И потом мне бы хотелось, чтобы вы в любой момент прерывали меня, если у вас появятся вопросы. Тем более что рассказ предстоит долгий. Договорились?
— Ты, Володя, торжествен, как на премьере, — усмехнулся Ефим Львович.
— Нисколько. Хотя, с другой стороны… Ну-с, ладно, поскольку все на свете с чего-то начинается, эта история началась с того момента, когда ты, Фима, открыл дверь шестьдесят восьмой комнаты и сказал, что ко мне пришли.
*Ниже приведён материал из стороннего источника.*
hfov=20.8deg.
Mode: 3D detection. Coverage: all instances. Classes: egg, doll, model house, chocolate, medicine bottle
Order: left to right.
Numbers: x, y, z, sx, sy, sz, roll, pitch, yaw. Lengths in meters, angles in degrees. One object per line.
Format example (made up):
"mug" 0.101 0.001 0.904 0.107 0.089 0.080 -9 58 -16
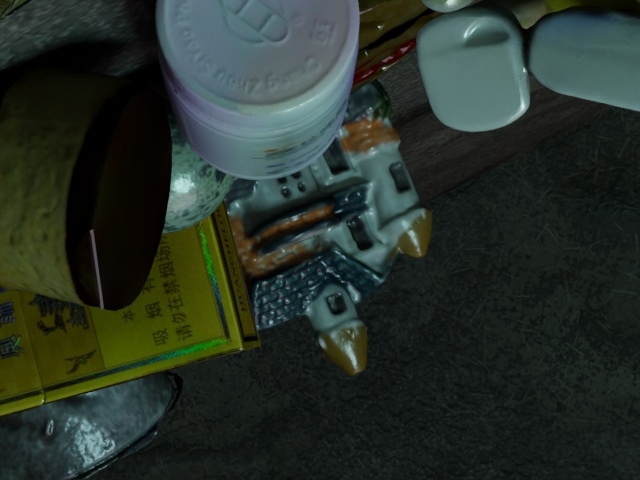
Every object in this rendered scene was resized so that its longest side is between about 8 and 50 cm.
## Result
"chocolate" -0.354 0.170 2.261 0.303 0.213 0.303 -23 -162 8
"egg" -0.158 -0.072 1.543 0.172 0.132 0.132 1 179 14
"medicine bottle" -0.048 -0.141 1.348 0.152 0.152 0.254 -25 174 -5
"model house" 0.000 0.000 1.945 0.271 0.301 0.190 -20 170 -31
"doll" 0.239 -0.199 1.406 0.423 0.348 0.161 -21 127 -37

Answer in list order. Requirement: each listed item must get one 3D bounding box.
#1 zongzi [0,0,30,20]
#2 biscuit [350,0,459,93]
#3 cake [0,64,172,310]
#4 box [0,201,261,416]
"zongzi" -0.210 -0.164 1.084 0.083 0.040 0.076 -3 165 -44
"biscuit" -0.011 -0.165 1.698 0.367 0.063 0.314 -31 171 28
"cake" -0.226 -0.048 1.388 0.178 0.185 0.208 9 -168 8
"box" -0.229 0.053 1.744 0.301 0.193 0.084 -16 175 12
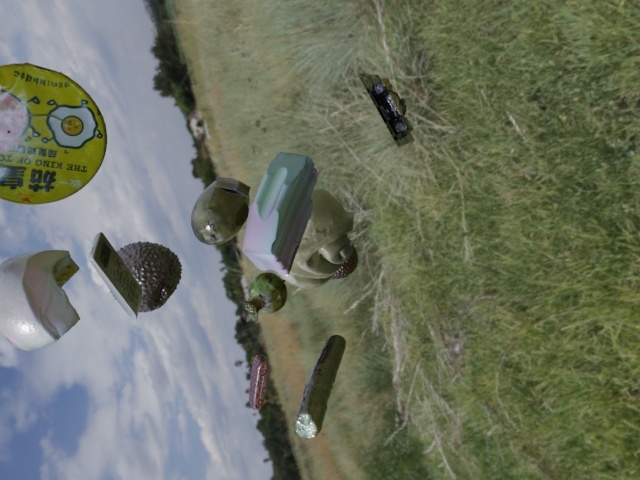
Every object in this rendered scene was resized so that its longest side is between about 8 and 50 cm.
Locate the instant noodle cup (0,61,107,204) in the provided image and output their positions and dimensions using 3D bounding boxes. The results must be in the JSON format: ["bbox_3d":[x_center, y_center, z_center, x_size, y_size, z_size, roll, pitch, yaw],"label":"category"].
[{"bbox_3d":[-0.721,-0.280,1.240,0.254,0.325,0.325,34,145,46],"label":"instant noodle cup"}]

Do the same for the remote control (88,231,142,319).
[{"bbox_3d":[-0.626,0.118,1.550,0.313,0.055,0.109,77,-174,-46],"label":"remote control"}]

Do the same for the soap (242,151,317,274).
[{"bbox_3d":[-0.110,-0.087,1.454,0.193,0.109,0.324,60,-134,-59],"label":"soap"}]

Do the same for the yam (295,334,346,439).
[{"bbox_3d":[0.005,0.389,1.402,0.371,0.083,0.083,-60,-42,-64],"label":"yam"}]

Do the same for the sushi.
[{"bbox_3d":[0.199,-0.361,1.344,0.215,0.050,0.192,61,-152,-2],"label":"sushi"}]

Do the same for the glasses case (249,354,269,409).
[{"bbox_3d":[-0.204,0.474,1.710,0.073,0.049,0.194,-136,52,-59],"label":"glasses case"}]

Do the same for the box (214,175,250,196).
[{"bbox_3d":[-0.270,-0.165,1.553,0.079,0.083,0.035,25,-102,-67],"label":"box"}]

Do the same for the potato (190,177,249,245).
[{"bbox_3d":[-0.421,-0.114,2.129,0.243,0.221,0.326,-36,26,48],"label":"potato"}]

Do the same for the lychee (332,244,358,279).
[{"bbox_3d":[0.063,0.068,2.093,0.188,0.188,0.188,162,90,-81],"label":"lychee"}]

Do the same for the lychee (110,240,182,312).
[{"bbox_3d":[-0.689,0.132,1.994,0.300,0.300,0.300,162,90,-81],"label":"lychee"}]

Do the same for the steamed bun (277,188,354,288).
[{"bbox_3d":[0.000,0.000,1.781,0.339,0.247,0.352,-5,-72,-75],"label":"steamed bun"}]

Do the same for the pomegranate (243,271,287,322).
[{"bbox_3d":[-0.202,0.208,1.874,0.220,0.156,0.156,-64,-38,-63],"label":"pomegranate"}]

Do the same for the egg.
[{"bbox_3d":[-0.687,0.123,1.189,0.162,0.206,0.271,57,-175,-35],"label":"egg"}]
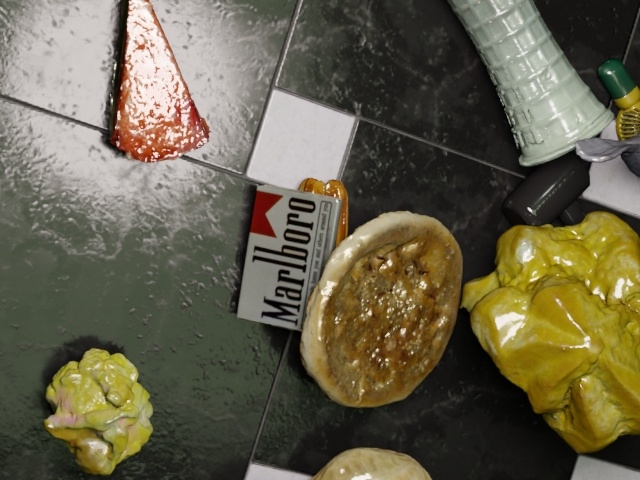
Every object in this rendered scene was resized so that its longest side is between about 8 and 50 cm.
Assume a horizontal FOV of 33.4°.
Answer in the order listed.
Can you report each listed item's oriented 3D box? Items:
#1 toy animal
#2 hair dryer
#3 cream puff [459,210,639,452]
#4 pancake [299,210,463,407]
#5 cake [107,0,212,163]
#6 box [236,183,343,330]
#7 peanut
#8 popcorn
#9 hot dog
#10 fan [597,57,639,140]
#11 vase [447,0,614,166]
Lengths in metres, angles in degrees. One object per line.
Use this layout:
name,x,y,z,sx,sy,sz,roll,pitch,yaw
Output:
toy animal,0.463,-0.140,1.451,0.367,0.081,0.205,26,85,-52
hair dryer,0.363,-0.002,1.525,0.114,0.070,0.248,-44,114,-10
cream puff,0.365,0.118,1.394,0.274,0.270,0.323,-44,118,1
pancake,0.089,0.090,1.398,0.282,0.049,0.282,-12,111,-36
cake,-0.232,-0.198,1.299,0.117,0.086,0.220,-28,103,-15
box,-0.040,0.024,1.374,0.115,0.036,0.177,12,97,18
peanut,0.010,0.350,1.406,0.298,0.120,0.136,-13,103,-16
popcorn,-0.272,0.208,1.312,0.126,0.126,0.145,6,111,7
hot dog,0.000,0.000,1.411,0.071,0.045,0.165,1,95,-19
fan,0.450,-0.194,1.538,0.082,0.039,0.155,-41,104,-10
vase,0.259,-0.260,1.425,0.143,0.143,0.299,-34,101,-12
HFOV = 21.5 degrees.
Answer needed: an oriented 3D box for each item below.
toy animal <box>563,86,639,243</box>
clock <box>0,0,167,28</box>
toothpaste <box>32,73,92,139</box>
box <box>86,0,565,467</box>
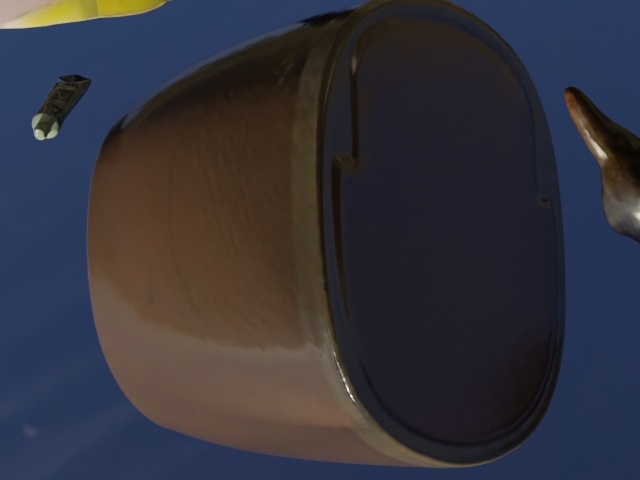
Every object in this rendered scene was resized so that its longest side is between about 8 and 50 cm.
[{"bbox_3d":[0.228,-0.098,0.846,0.298,0.122,0.185,-24,-99,-41],"label":"toy animal"},{"bbox_3d":[-0.162,-0.238,0.383,0.368,0.376,0.251,-19,-157,-36],"label":"clock"},{"bbox_3d":[-0.173,-0.089,1.109,0.027,0.019,0.083,-2,-149,13],"label":"toothpaste"},{"bbox_3d":[0.000,0.000,1.079,0.216,0.301,0.301,-5,-134,37],"label":"box"}]
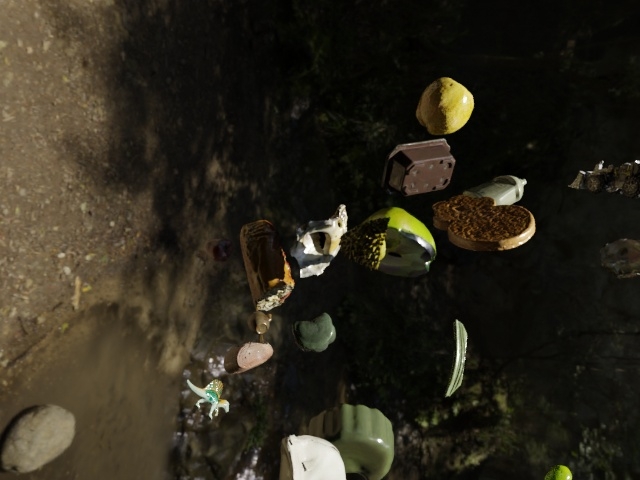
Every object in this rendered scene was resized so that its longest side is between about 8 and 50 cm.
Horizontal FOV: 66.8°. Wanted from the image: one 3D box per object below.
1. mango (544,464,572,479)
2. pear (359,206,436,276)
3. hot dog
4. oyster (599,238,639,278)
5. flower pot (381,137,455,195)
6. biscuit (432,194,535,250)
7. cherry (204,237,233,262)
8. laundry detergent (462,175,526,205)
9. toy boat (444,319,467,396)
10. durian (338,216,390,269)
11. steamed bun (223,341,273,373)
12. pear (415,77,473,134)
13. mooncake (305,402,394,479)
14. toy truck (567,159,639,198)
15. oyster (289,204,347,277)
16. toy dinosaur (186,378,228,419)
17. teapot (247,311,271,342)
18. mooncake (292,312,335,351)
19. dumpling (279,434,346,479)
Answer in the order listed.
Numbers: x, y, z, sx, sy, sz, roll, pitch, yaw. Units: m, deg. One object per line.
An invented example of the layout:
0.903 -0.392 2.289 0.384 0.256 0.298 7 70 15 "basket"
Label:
0.864 0.864 1.769 0.073 0.108 0.056 -132 -152 -55 "mango"
0.328 -0.010 2.129 0.398 0.399 0.165 81 28 -60 "pear"
-0.244 0.096 2.146 0.367 0.196 0.365 121 -48 -68 "hot dog"
1.004 0.072 1.550 0.163 0.191 0.081 -41 139 -4 "oyster"
0.328 -0.221 1.554 0.084 0.251 0.178 50 -36 44 "flower pot"
0.384 -0.045 1.180 0.289 0.202 0.044 38 -33 61 "biscuit"
-0.419 0.036 2.023 0.106 0.126 0.086 -40 130 -20 "cherry"
0.737 -0.201 2.018 0.181 0.254 0.091 -127 -164 -59 "laundry detergent"
0.521 0.454 1.857 0.093 0.055 0.292 69 32 -67 "toy boat"
0.165 0.012 1.744 0.166 0.172 0.306 -57 160 -13 "durian"
-0.286 0.453 1.914 0.175 0.145 0.106 -9 72 -42 "steamed bun"
0.388 -0.419 1.535 0.178 0.178 0.177 7 90 -81 "pear"
0.108 0.775 1.861 0.187 0.352 0.351 -83 175 -54 "mooncake"
0.911 -0.188 1.471 0.286 0.137 0.111 19 -71 62 "toy truck"
-0.007 -0.002 1.915 0.271 0.100 0.274 -9 113 -41 "oyster"
-0.319 0.448 1.412 0.106 0.044 0.187 -45 117 -52 "toy dinosaur"
-0.192 0.290 1.600 0.080 0.085 0.110 -143 -137 -62 "teapot"
-0.027 0.369 1.962 0.104 0.175 0.168 68 39 -64 "mooncake"
-0.016 0.660 1.275 0.341 0.182 0.259 98 -12 -50 "dumpling"
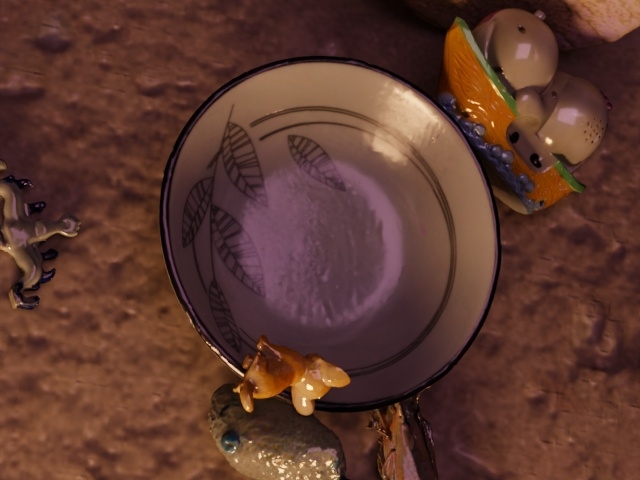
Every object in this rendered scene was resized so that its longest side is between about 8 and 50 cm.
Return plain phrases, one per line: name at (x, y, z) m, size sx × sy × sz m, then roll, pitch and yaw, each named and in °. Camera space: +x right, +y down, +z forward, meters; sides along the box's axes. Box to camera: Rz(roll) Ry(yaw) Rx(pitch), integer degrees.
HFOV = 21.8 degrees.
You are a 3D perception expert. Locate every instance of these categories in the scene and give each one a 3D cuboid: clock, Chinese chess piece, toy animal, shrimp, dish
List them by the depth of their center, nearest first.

Помню, что разволновался я почему-то ужасно — все мои внутренние органы запрыгали и задергались в каком-то шейке. Я потом думал, почему это? Ну, наверное, тут и состояние мое, поправлялся я ведь после инсульта безумно медленно, издергался весь, и Анечкин рассказ о необыкновенном медиуме, и — самое главное, наверное, — то, что очень долго никто ко мне с Большой, так сказать, земли не приходил. Некому. Ничего не поделаешь, говорил я себе, одиночество — это плата за долголетие. Да еще, бывает, с пеней. Признаюсь заодно, что задумывался не раз: а стоит ли вносить такую высокую плату за такое прозябание…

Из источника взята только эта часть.